The most important platform Microsoft rolled out in the form of ML.NET is strangely C#-ish and has no decent F# wrapper. It could have really helped F# adoption and growth the way Spark did with Scala, but with Microsoft, F# seems to be that ignored in-the-back child that never gets the really cool stuff.
Now to ML:
- Data Preparation as in transform information (structured/unstructured) structured data as input. Cleaning Data, Manipulating Data, Handling Erroneous Data and Missing Values, … In most jobs, that’s like 50% (if you’re very lucky) to 90% of your time and effort. This bit --> get data and make it ready for analysis.
- Do exploratory and visual analysis. For a lot of jobs, this is where it ends, you provide simple statistics measures of central tendency, dispersion, bias, kurtosis, and alike, along with plots and graphs. Then you go and either compile them into a report or develope dashboards with live graphics that can be drilled up and down. This bit --> overview of data and what you might be able to do with it.
- Modelling - Inferential or Predictive, Frequentist or Bayesian, …?
3.a) Hypothesis Testing (t Test, F Test, A/B Testing, ANOVA, …), Regression, Classification, Clustering. These are your bread and butter unless you land in the hot seat at some cutting-edge mathematics/computer-science research centre at a university or few dozen companies like Microsoft, Google, …, Goldman Sachs, Lockheed Martin, …, etc.

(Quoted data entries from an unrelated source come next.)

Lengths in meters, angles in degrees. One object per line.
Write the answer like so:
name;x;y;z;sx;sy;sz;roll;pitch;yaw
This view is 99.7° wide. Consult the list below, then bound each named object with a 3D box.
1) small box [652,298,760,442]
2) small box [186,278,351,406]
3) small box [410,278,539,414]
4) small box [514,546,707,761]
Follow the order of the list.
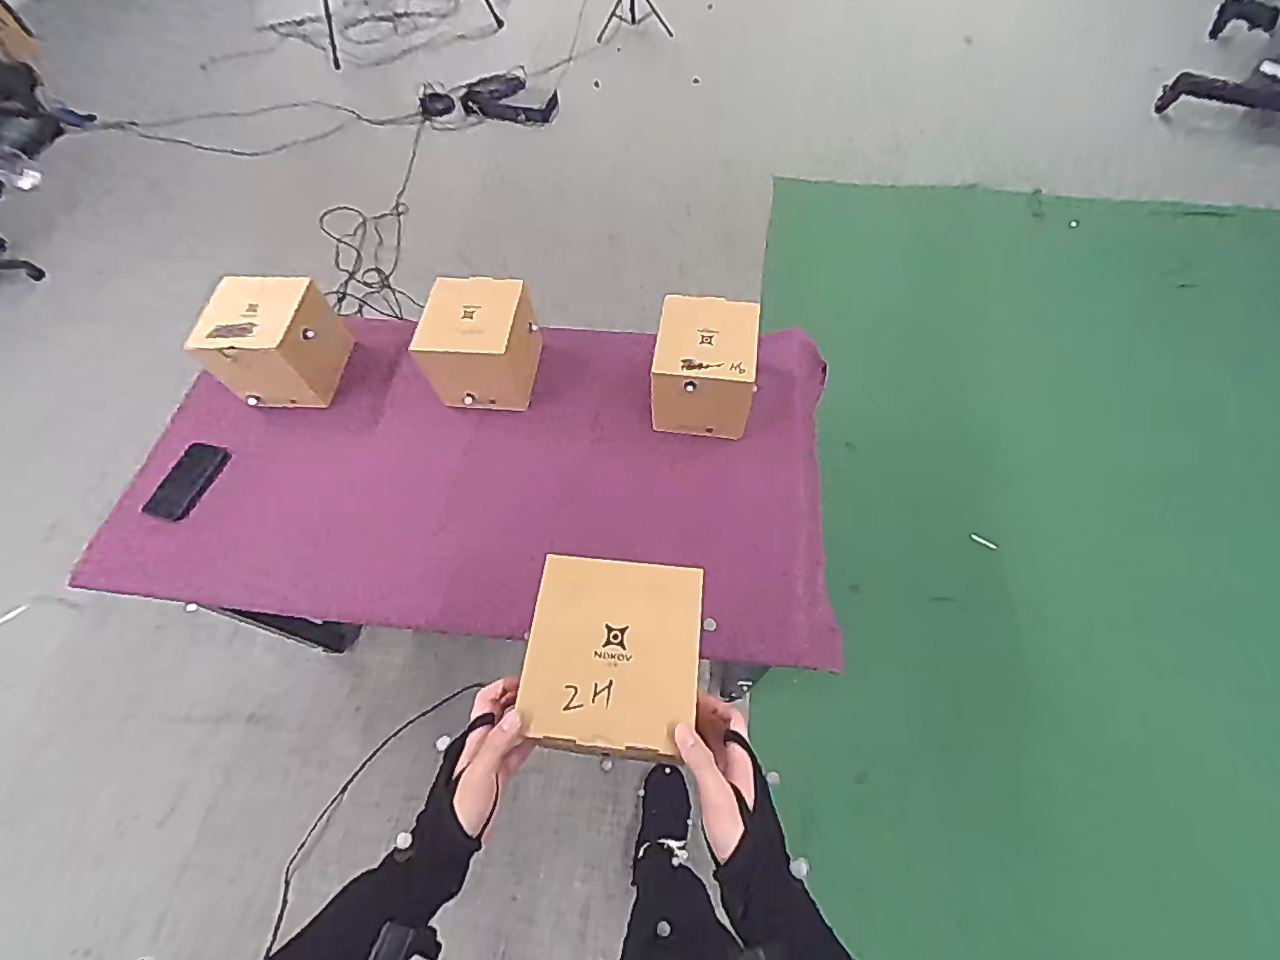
small box;0.113;-0.192;0.958;0.168;0.176;0.179;7;61;7
small box;-0.680;-0.255;1.018;0.168;0.176;0.179;2;60;2
small box;-0.292;-0.246;1.003;0.168;0.176;0.179;4;62;5
small box;-0.021;0.192;0.586;0.168;0.176;0.179;5;59;5
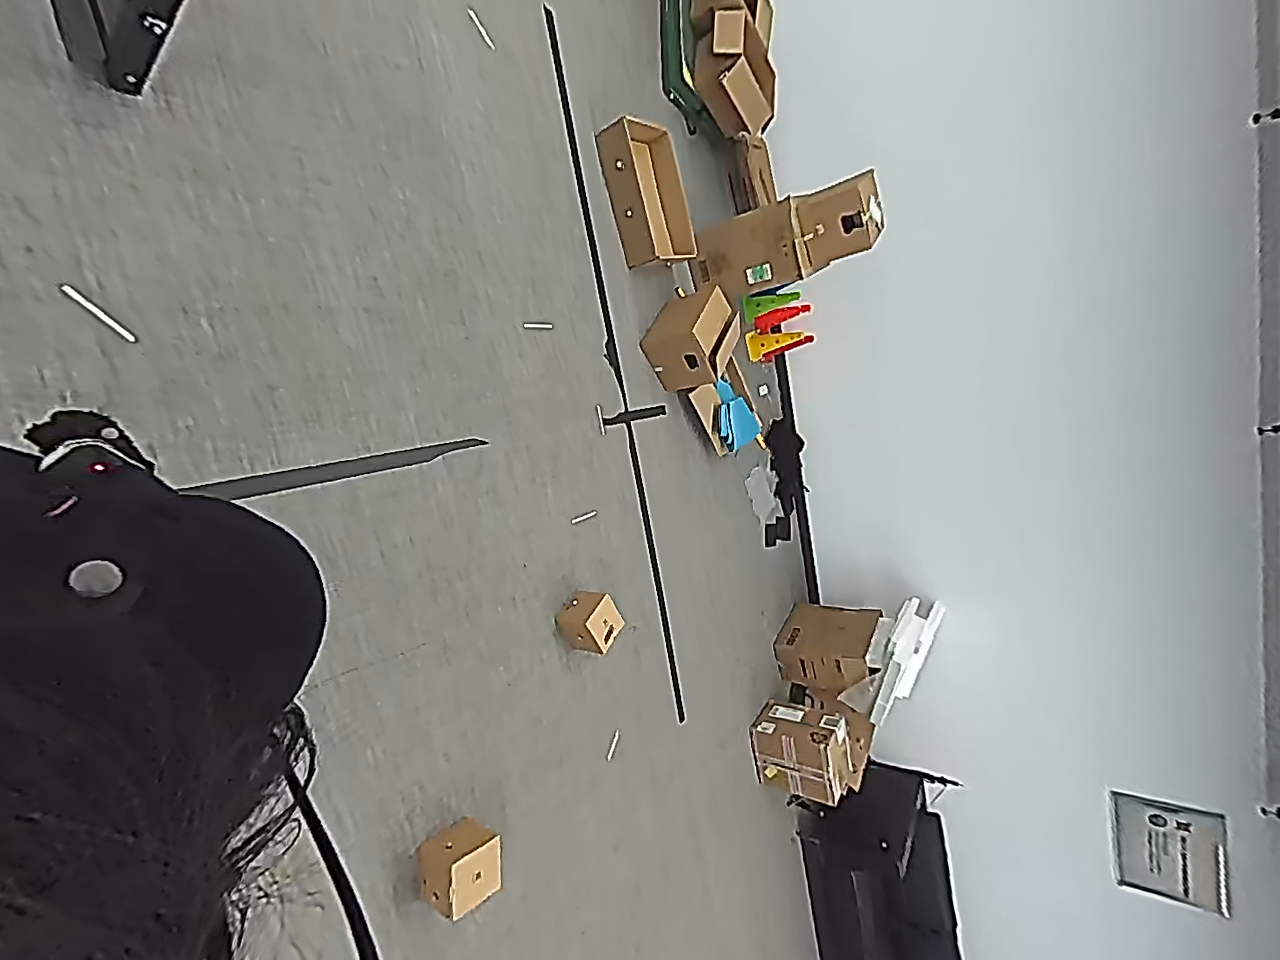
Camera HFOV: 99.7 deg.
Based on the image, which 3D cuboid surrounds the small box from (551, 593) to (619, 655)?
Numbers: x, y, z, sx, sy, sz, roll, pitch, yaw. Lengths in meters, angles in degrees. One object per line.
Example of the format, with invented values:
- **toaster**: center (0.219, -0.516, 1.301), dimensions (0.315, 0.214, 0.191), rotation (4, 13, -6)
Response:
- **small box**: center (-0.220, 0.568, 2.154), dimensions (0.168, 0.176, 0.179), rotation (-51, 125, -43)

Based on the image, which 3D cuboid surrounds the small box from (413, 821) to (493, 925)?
- **small box**: center (-0.568, 1.179, 1.637), dimensions (0.179, 0.176, 0.168), rotation (0, 88, -54)

3.b) GLMs, LDA, SVMs, Non-Linear Regression, Bayesian Graph Networks, ANNs, Deep Learning, … you could theoretically spend time endlessly learning algorithms one after the other until you turn into a skeleton and there will be new stuff coming out yet. Within each area of application, there are few widely adopted techniques and methodologies you can hack together, and most people would only experience working in few areas.

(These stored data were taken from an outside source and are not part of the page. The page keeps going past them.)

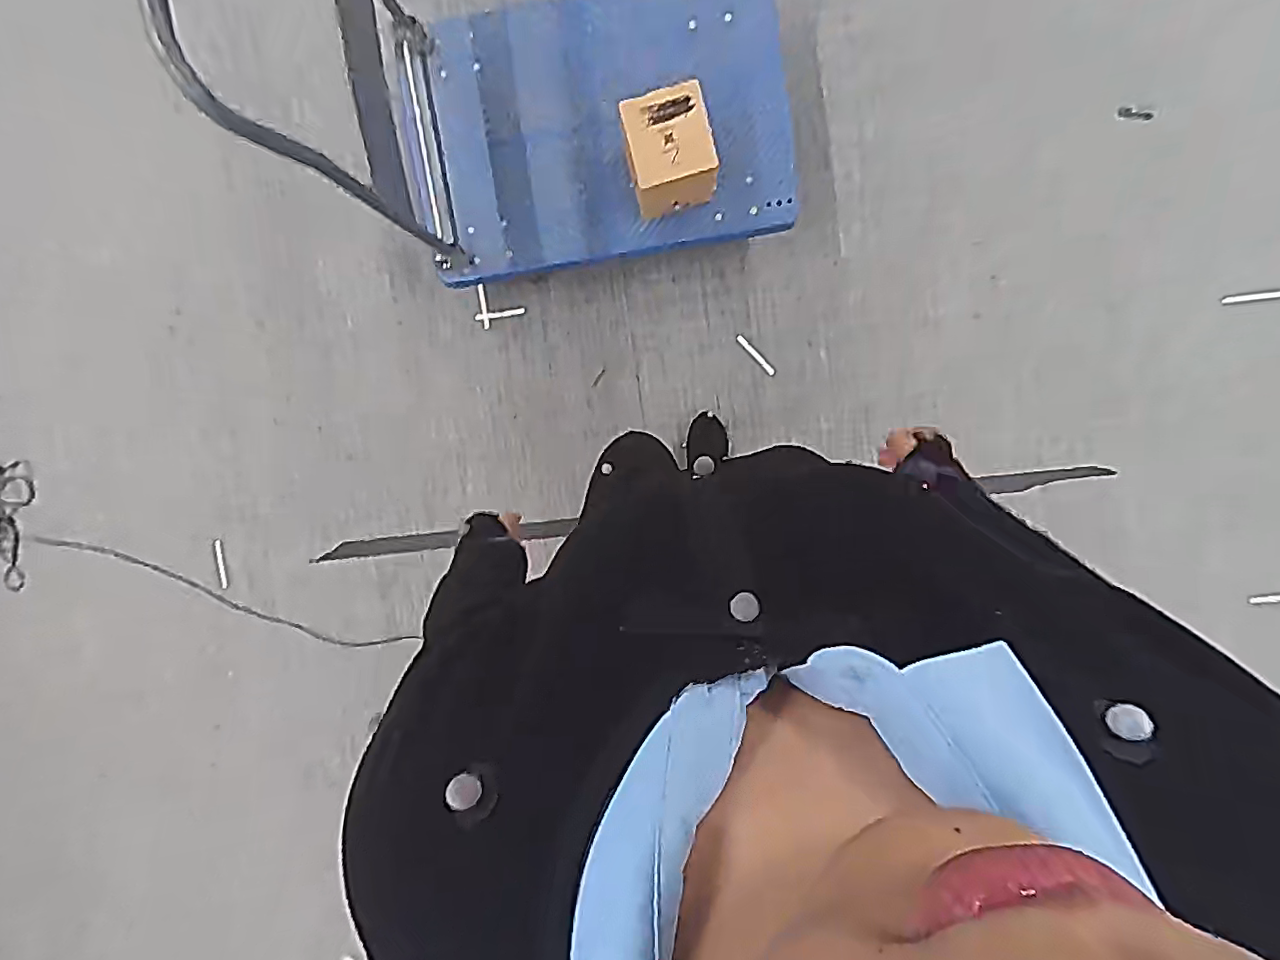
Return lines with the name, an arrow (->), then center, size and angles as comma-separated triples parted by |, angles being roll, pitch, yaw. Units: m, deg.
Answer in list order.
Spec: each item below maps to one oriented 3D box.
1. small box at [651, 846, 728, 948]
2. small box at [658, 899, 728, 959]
small box -> 0.135, 1.176, 1.509 | 0.168, 0.176, 0.179 | -19, 94, 3
small box -> 0.137, 1.196, 1.347 | 0.168, 0.176, 0.179 | -6, 95, 3

3.c) Most important is to know which class of models and techniques to use for each situation, what data you need for it and in what format to make it a viable input, what you get out and how to interpret important bits of output, and how to assess/monitor the performance of whatever tools you are employing (e.g., accuracy, precision, specificity, F1-statistic, ROC Curve, …).
- CLOUD? Azure, AWS + Keras, Tensorflow, ML.NET, Spark, Hadoop, etc
You go there simply because the size of your problem/data and the complexity of your solution mandates that the issue can no longer be handled by your local computer’s resources such as RAM memory and processing power. You just have to use different syntax and write a few more lines to access the cloud resources rather than your PC or local server.
- Your end result is invariably a report or a dashboard or such that - most of the times - dry and devoid of any formulas or messy tables and numerous numbers and crowded graphics. Target audience is rarely an ML expert and mathematical or programming savvy people are in general not that many.
So for this whole workflow, I find that FSharp is still lacking: lack of libraries, lack of native libraries, lack of documentation, lack of article-quality graphics facilities, no interactive visualisation meaning no dashboards or reports. You can do a simple y ~ x regression on artificial data in R, Python, and F# (ML.NET). Then decide which looks and feels simpler/faster. Data analytics by-and-large is still scripting and prototyping, and in that R/Julia/Matlab still outshine full blown general purpose programming languages like F# or Python. On the positive side, F# is brilliant for data prep manipulating/merging data sources and producing inputs. I usually move on to R/Python for the rest of the workflow. Also, F# code is generally orders of magnitude faster than R and Python, more akin to C#.